Two years of hearings and probing into rampant corruption in public contracting in Quebec generated a national panel’s 1,700-page report on Nov. 24 and some 60 recommended procurement changes to boost ethics by project owners and contractors. Industry execs say the long-awaited Charbonneau Commission report did not disclose additional ethics bombshells beyond those relayed by some 300 witnesses between 2012 and 2014, but it already has pushed a tighter contract vetting process by both public- and private-sector participants.
Quebec provincial said they will move forward with report recommendations, which include the elimination of lowest-bid requirements, a ban on gifts to public officials, added whistle-blower protections and a new independent watchdog to oversee the process.
“Corruption was … more deeply rooted than we thought,” said Judge France Charbonneau, who led the estimated $45-million inquiry that involved hundreds of entities, from small municipalities to Canadian industry giants such as SNC-Lavalin and Genivar-WSP. In a statement, SNC-Lavalin described its boosted ethics program as an industry “benchmark,” but said it still seeks “a fair settlement” with Quebec officials of bribe-related charges against it.
“Nothing new was truly revealed in the report,” says Carlos Godoy, a Montreal consultant to industry groups such as the Consulting Engineers Council of Canada. But he adds that it “recognizes that the lowest bidder cannot be a sustainable way of selecting firms for projects.”

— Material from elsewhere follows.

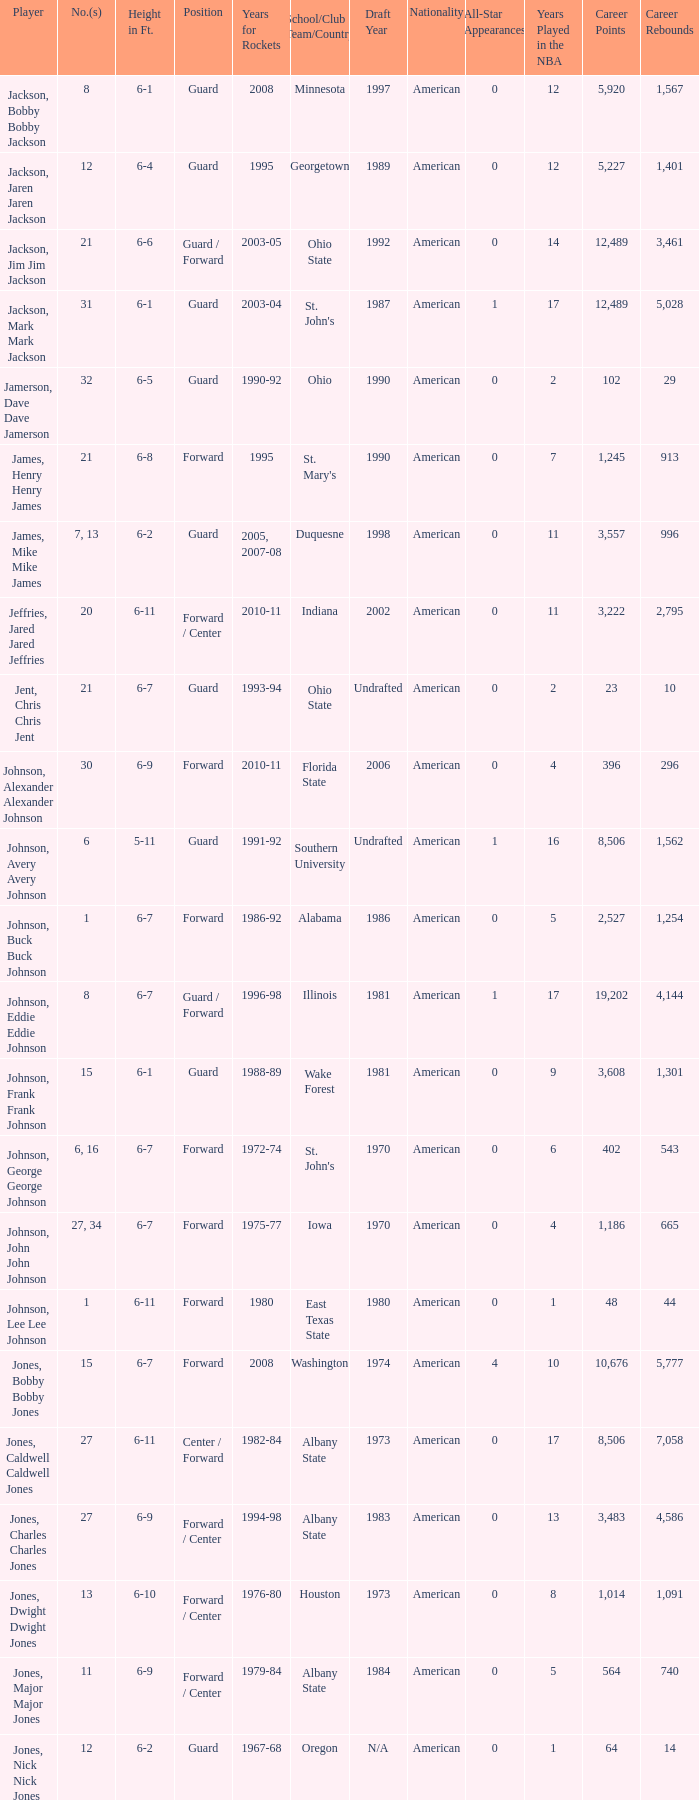Which number corresponds to the player that went to southern university? 6.0.

The panel also wants stricter rules to stop delays in payments to contractors that, it says, will encourage collusive agreements. “The pressure created by such a system incites contractors to devise schemes to recover their discounted profits,” says Canada-based law firm Borden Ladner Gervais.
The Charbonneau report does not urge the quality-based selection approach favored by industry, but “we are almost halfway there,” Godoy notes.
“While some recommendations could have far-reaching consequences, these are early days in terms of which ones will actually be adopted,” says Ontario-based AEC-sector analyst Maxim Sytchev of Dundee Capital Markets.